Track changes: Collaborators would simply edit the markdown in plain text and submit their edited version. To view and reconcile differences, I would simply use a diff tool; I would find a good online one to teach my collaborators how to diff changes.
Comments between authors: I would select one of the options for markdown comments and teach my collaborators to use that when needed. The modified HTML comment (<!--- Pandoc-enhanced HTML comment -->) is the one I would probably use.
Reference management: I use Zotero, so I would use Better BibTeX for Zotero to handle references. The nice thing about this is that although I would have to handle the references myself, collaborators can directly add references to the Zotero group library. In fact, using citation keys, it should be simple for collaborators to learn how to insert references themselves into the markdown text.
I am NOT the lead author and I am NOT responsible for the statistical analysis: I would use whatever workflow the lead author uses (e.g. if the lead author uses Word with tracked changes, I'll use the same things).
I want to note that it seems that the only part that seems to be not so easy (compared to Microsoft Word normal working features) is replacing track changes with diff.
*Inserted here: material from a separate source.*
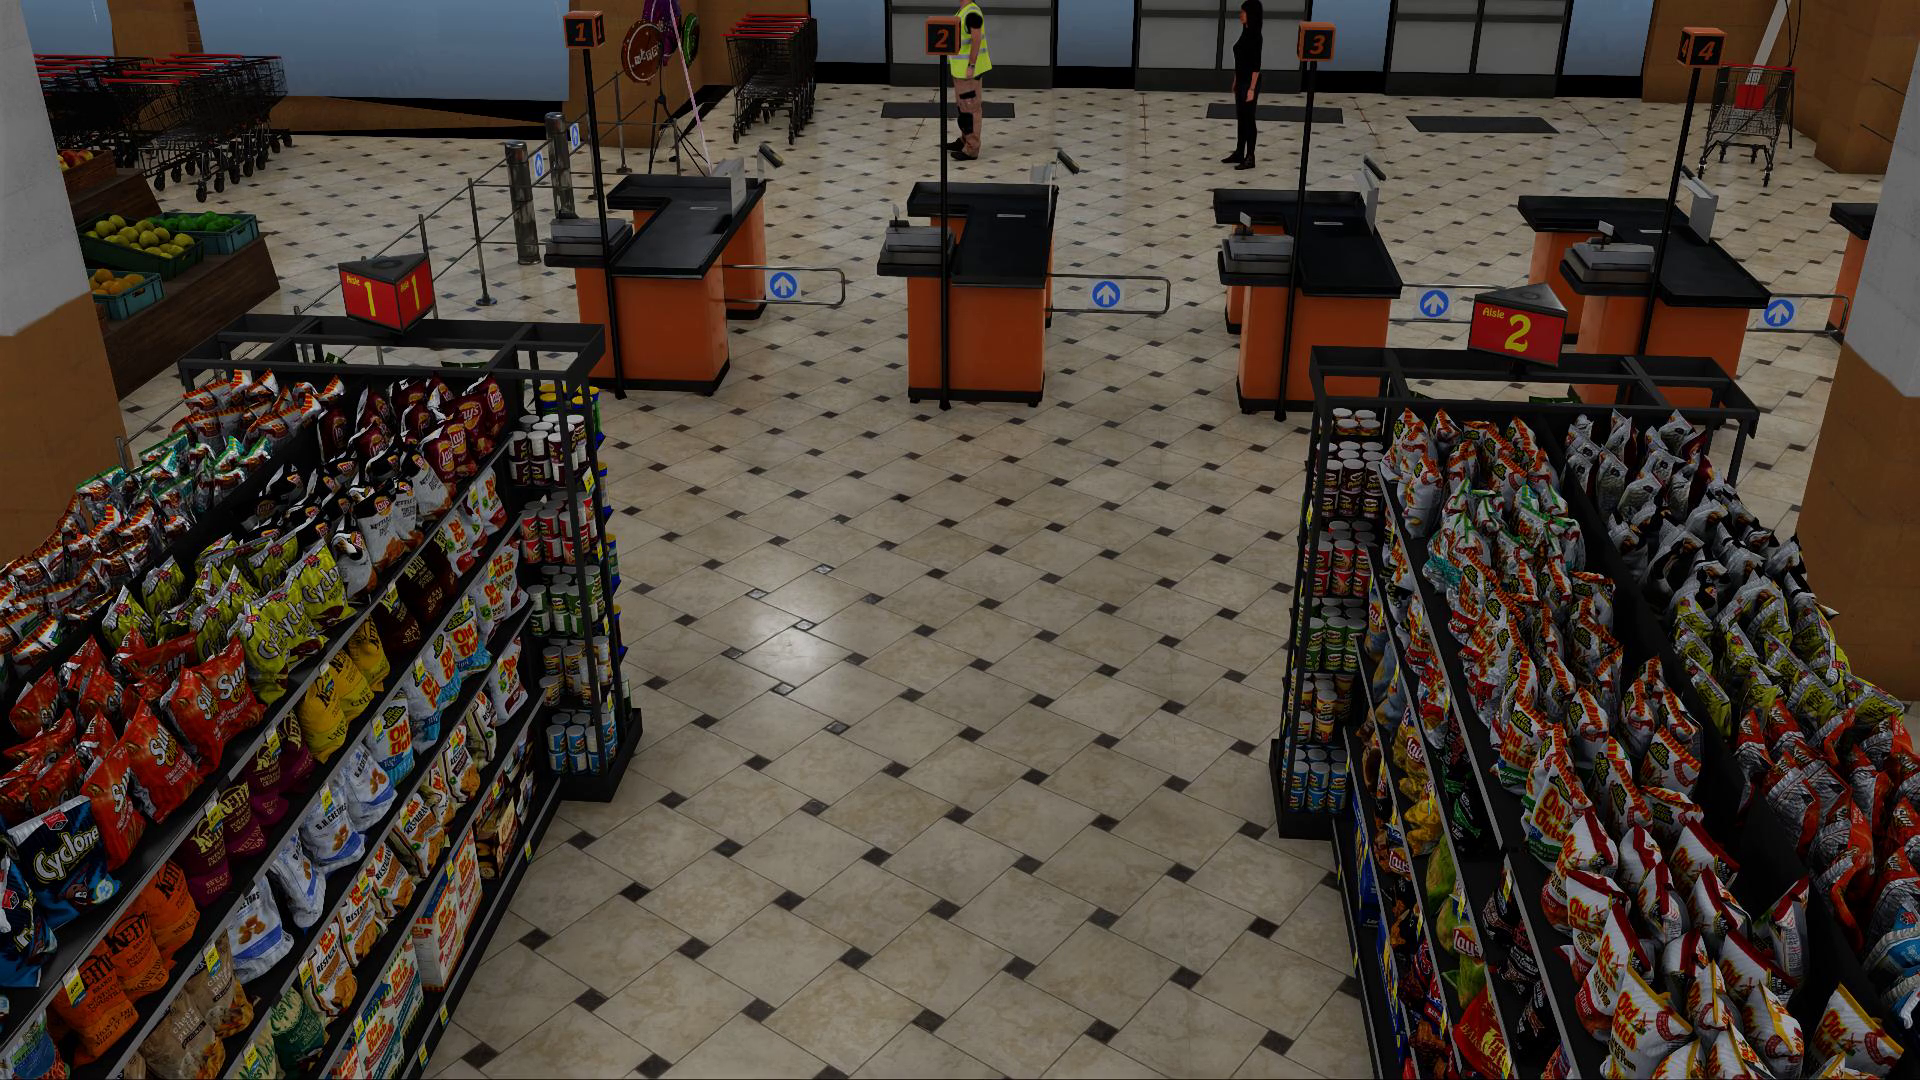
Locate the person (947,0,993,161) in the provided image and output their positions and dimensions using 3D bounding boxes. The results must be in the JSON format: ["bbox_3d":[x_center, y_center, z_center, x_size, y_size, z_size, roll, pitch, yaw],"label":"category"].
[{"bbox_3d":[0.064,-4.839,16.975,0.833,1.847,0.739,-4,27,-8],"label":"person"}]

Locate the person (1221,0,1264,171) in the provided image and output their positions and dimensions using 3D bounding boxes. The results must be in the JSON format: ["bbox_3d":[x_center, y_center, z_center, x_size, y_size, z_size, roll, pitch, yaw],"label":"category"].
[{"bbox_3d":[2.889,-4.573,16.676,0.699,1.642,0.559,-8,28,-15],"label":"person"}]

I'm not aware of a tool that makes incorporating diff files as easy as how Word reconciles changes, but if such a tool exists, then the process should be more seamless.
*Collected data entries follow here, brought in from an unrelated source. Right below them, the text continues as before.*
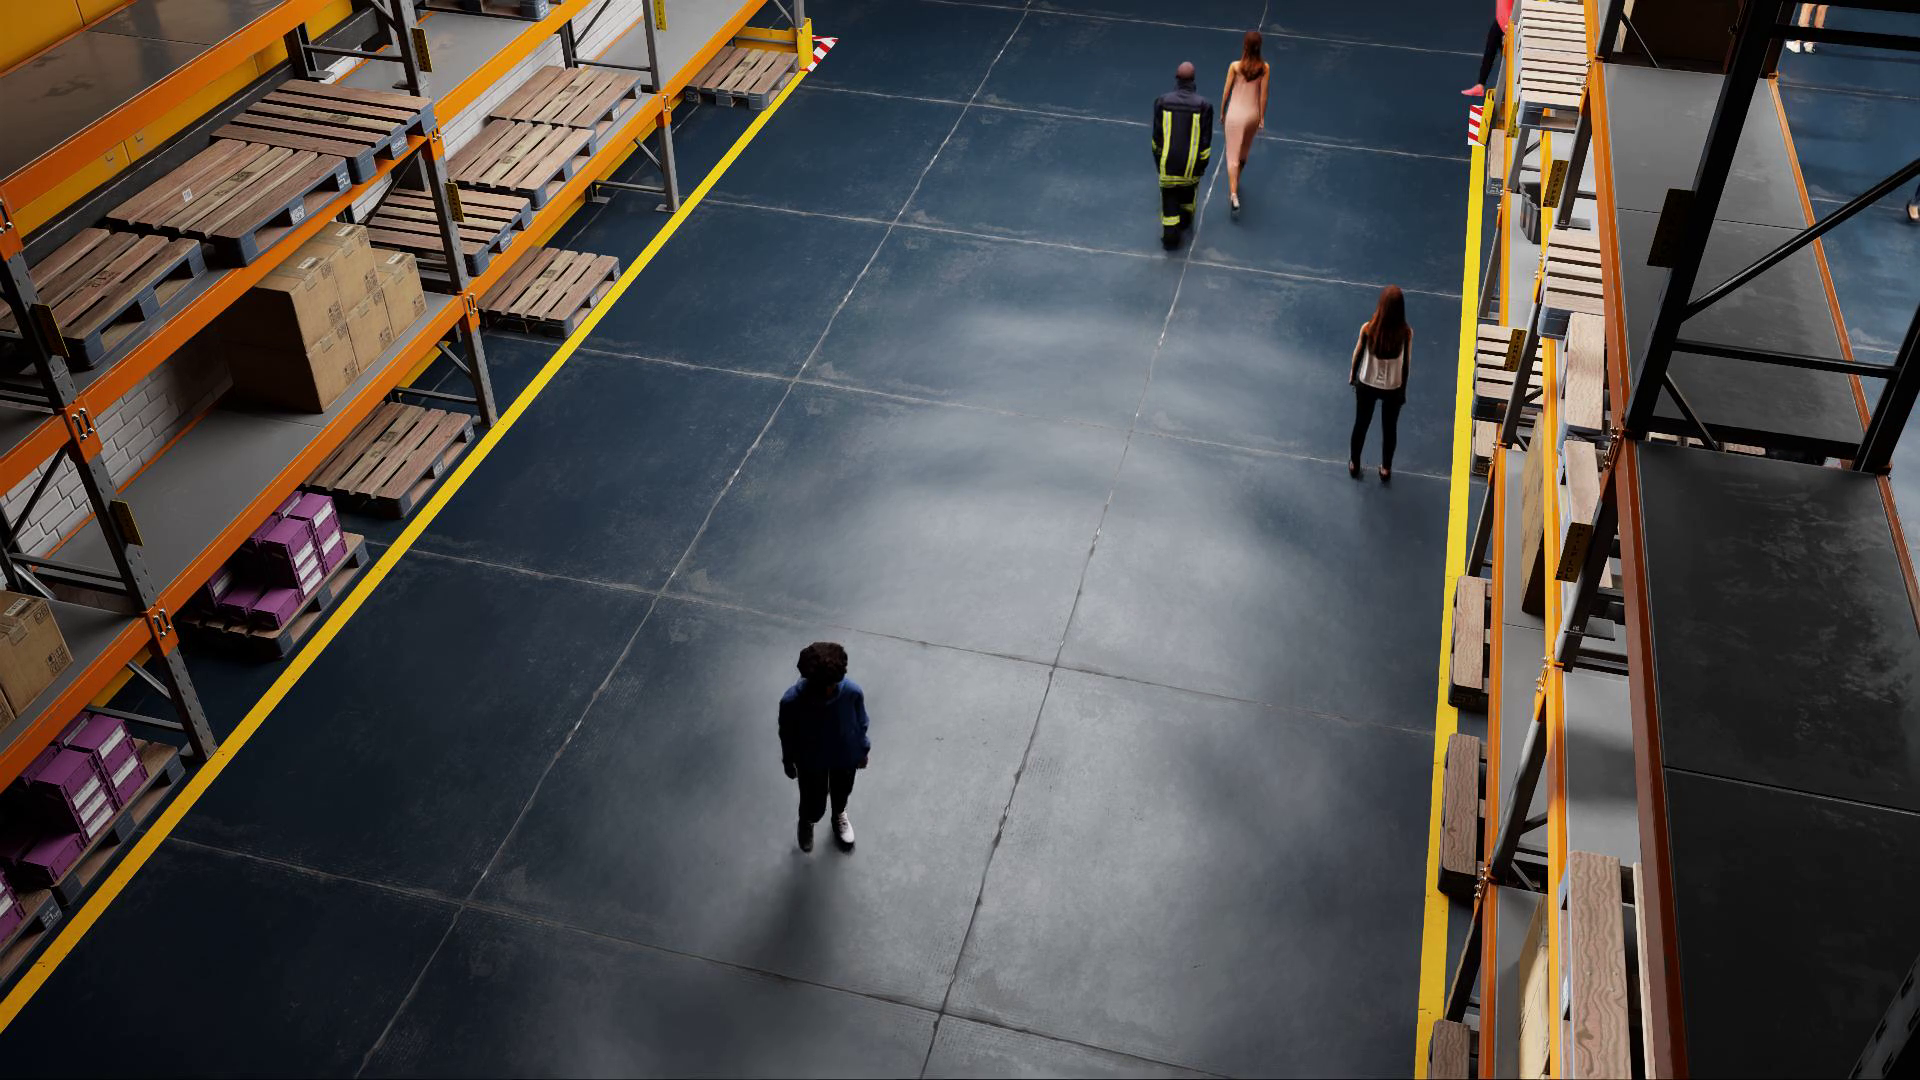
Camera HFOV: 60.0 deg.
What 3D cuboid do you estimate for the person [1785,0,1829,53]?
[{"bbox_3d":[10.320,-6.703,19.819,0.636,1.791,0.633,3,39,4],"label":"person"}]

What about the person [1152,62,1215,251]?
[{"bbox_3d":[2.110,-3.669,16.017,0.753,1.795,0.993,7,39,9],"label":"person"}]

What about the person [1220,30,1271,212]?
[{"bbox_3d":[2.827,-4.160,16.628,0.752,1.799,1.148,2,39,2],"label":"person"}]

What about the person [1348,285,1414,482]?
[{"bbox_3d":[3.262,-1.186,12.972,0.641,1.715,0.573,14,41,16],"label":"person"}]

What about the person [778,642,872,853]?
[{"bbox_3d":[-0.816,1.209,9.929,0.882,1.769,0.938,-11,40,-14],"label":"person"}]

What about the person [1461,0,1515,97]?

I believe we would need to work on several packages in order to make true collaboration possible between users of Word and RMarkdown. I would be happy to collaborate with anyone interested in making this happen.
Adding a CriticMarkup plugin for RStudio. https://github.com/CriticMarkup/CriticMarkup-toolkit/
Having an R package that can scrape Word documents along with tracked changes. The officer package can already read Word documents, but not the tracked changes. It would also be extremely useful if this package could add simple RMarkdown formatting to the scrapes, e.g. for bold, subscripts and perhaps even tables to facilitate the subsequent matching of Word text to the RMarkdown file.
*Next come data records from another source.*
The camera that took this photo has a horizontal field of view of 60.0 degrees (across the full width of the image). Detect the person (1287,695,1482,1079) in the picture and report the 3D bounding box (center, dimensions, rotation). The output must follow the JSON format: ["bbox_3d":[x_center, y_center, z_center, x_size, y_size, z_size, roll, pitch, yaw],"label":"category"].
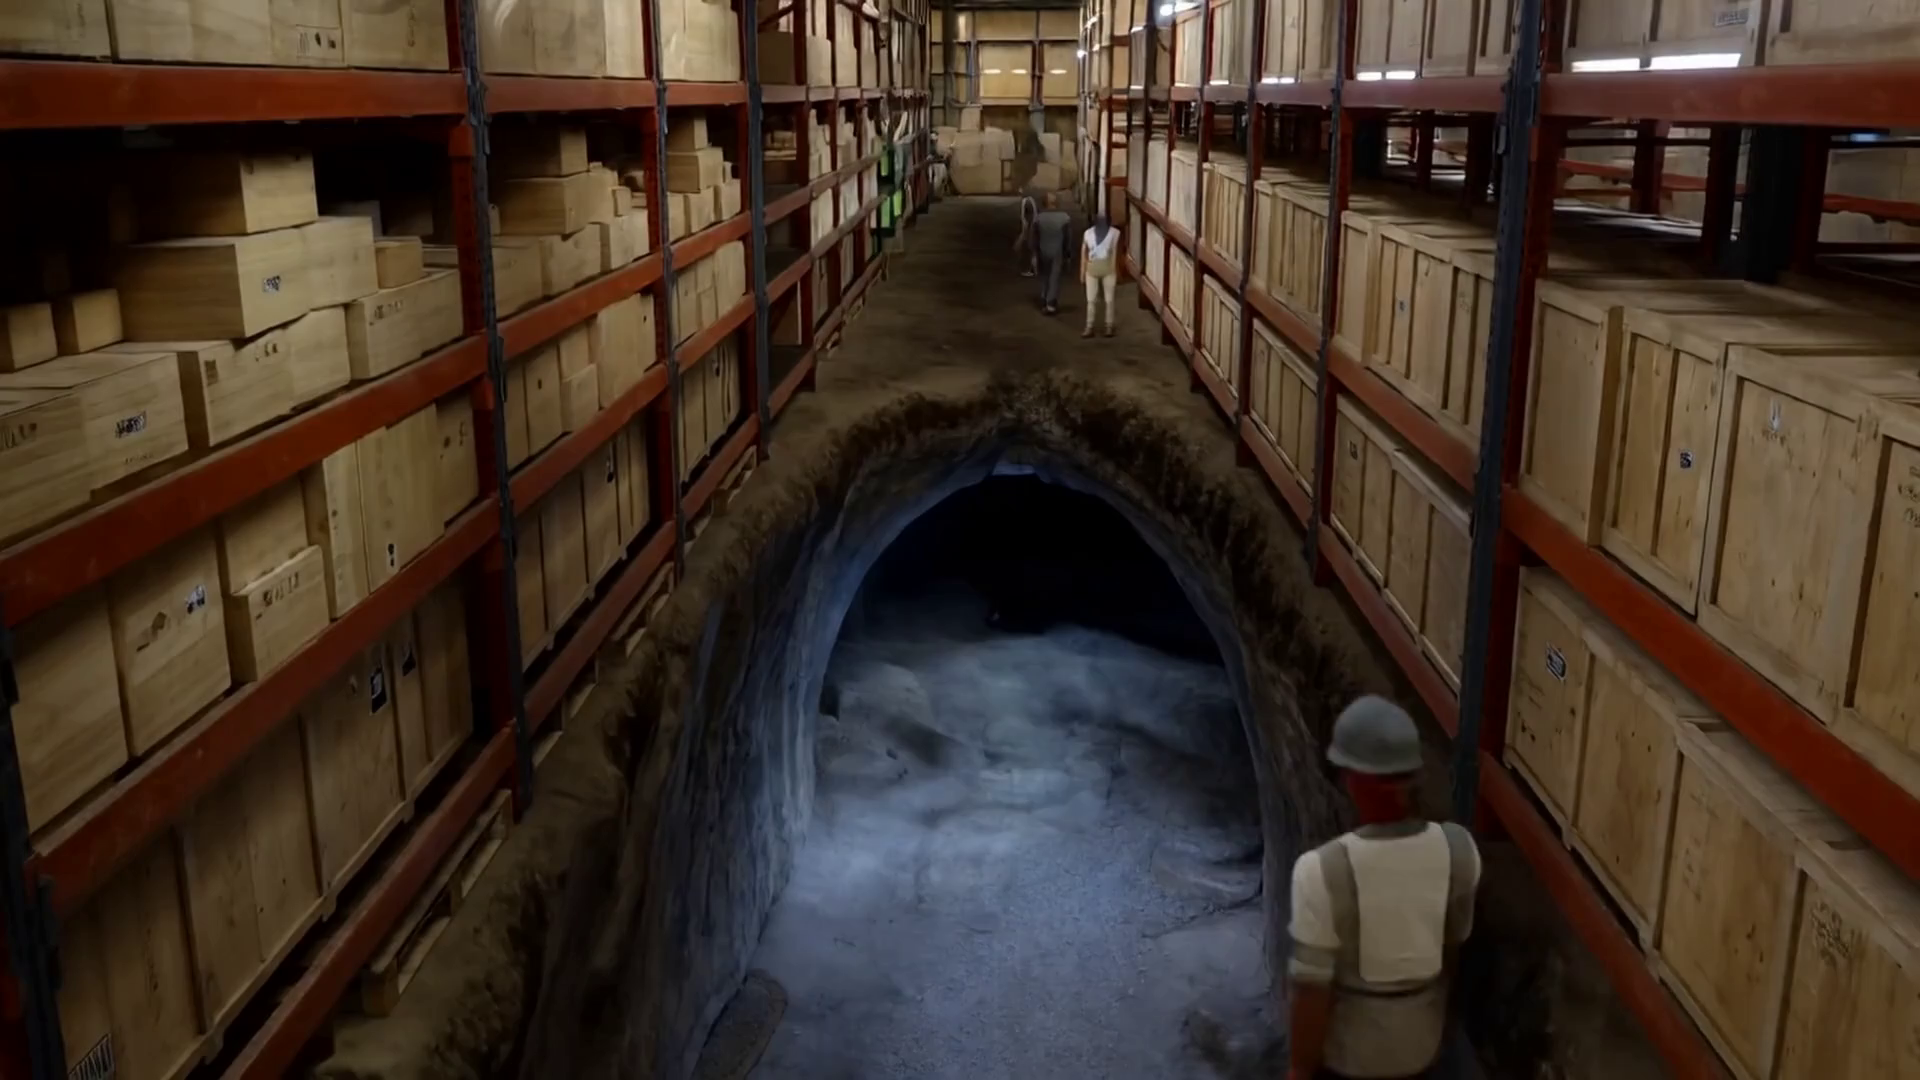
[{"bbox_3d":[1.146,1.373,4.518,0.542,1.913,0.741,-2,15,-8],"label":"person"}]

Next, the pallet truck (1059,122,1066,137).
[{"bbox_3d":[5.788,-21.111,88.014,1.885,1.965,0.823,5,16,18],"label":"pallet truck"}]

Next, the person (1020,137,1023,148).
[{"bbox_3d":[2.380,-14.476,63.621,0.429,1.842,0.633,-6,16,-21],"label":"person"}]

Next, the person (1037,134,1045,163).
[{"bbox_3d":[3.034,-14.407,63.130,0.566,1.971,0.620,-9,18,-31],"label":"person"}]

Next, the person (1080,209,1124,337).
[{"bbox_3d":[2.045,-3.878,24.190,0.634,1.841,0.429,5,16,18],"label":"person"}]

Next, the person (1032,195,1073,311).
[{"bbox_3d":[1.525,-4.718,27.299,0.658,1.846,1.021,2,15,9],"label":"person"}]

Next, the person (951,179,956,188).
[{"bbox_3d":[0.052,-14.141,62.304,1.032,1.878,0.651,-2,15,-8],"label":"person"}]

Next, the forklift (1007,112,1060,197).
[{"bbox_3d":[2.404,-13.152,56.726,1.873,2.768,1.129,-3,15,-12],"label":"forklift"}]

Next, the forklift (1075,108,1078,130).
[{"bbox_3d":[5.408,-17.217,71.850,1.129,2.768,1.873,13,20,41],"label":"forklift"}]

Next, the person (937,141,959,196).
[{"bbox_3d":[-0.492,-12.791,57.291,1.078,1.872,0.548,5,16,19],"label":"person"}]

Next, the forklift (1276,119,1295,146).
[{"bbox_3d":[8.490,-9.603,43.520,1.873,2.768,1.129,0,15,2],"label":"forklift"}]

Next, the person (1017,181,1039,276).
[{"bbox_3d":[1.305,-5.983,32.048,0.455,1.828,0.593,1,15,2],"label":"person"}]

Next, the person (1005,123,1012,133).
[{"bbox_3d":[2.656,-21.222,88.580,0.557,1.907,0.624,11,19,35],"label":"person"}]

https://github.com/davidgohel/officer/issues/132
Write a package that can translate the scraped Tracked changes to CriticMarkup into the RMarkdown file.
Generate a key (paragraph)->(lines) that matches paragraphs scraped from Word (without any of the tracked changes) to lines in the RMarkdown. The problem is that we don't know what was generated using code, and what was directly written as Rmd. The first step would be to find lines in the RMarkdown file that should form paragraphs (exclude R chunks, but not inline R). Then, ensuring the order remains the same, compare these lines (remove newlines) to paragraphs scraped from the Word document, using a regexp symbol for "any char, any length" in the place of inline r chunks. Next, split paragraphs with inline chunks as into sub-paragraphs in order to be able to apply tracked changes and comments to either the inline code, before, or after the inline chunk more easily. Finally, the paragraphs that could not be matched were likely generated within code chunks and should be matched to the appropriate code chunks, determined from the order of the paragraphs.
Use the generated key, apply tracked changes (as CritcMarkup) to the RMarkdwown file. Any changes made to code chunks should be reported as a CrticMarkup comment around that code chunk (or group of code chunks if there is no markdown in between chunks).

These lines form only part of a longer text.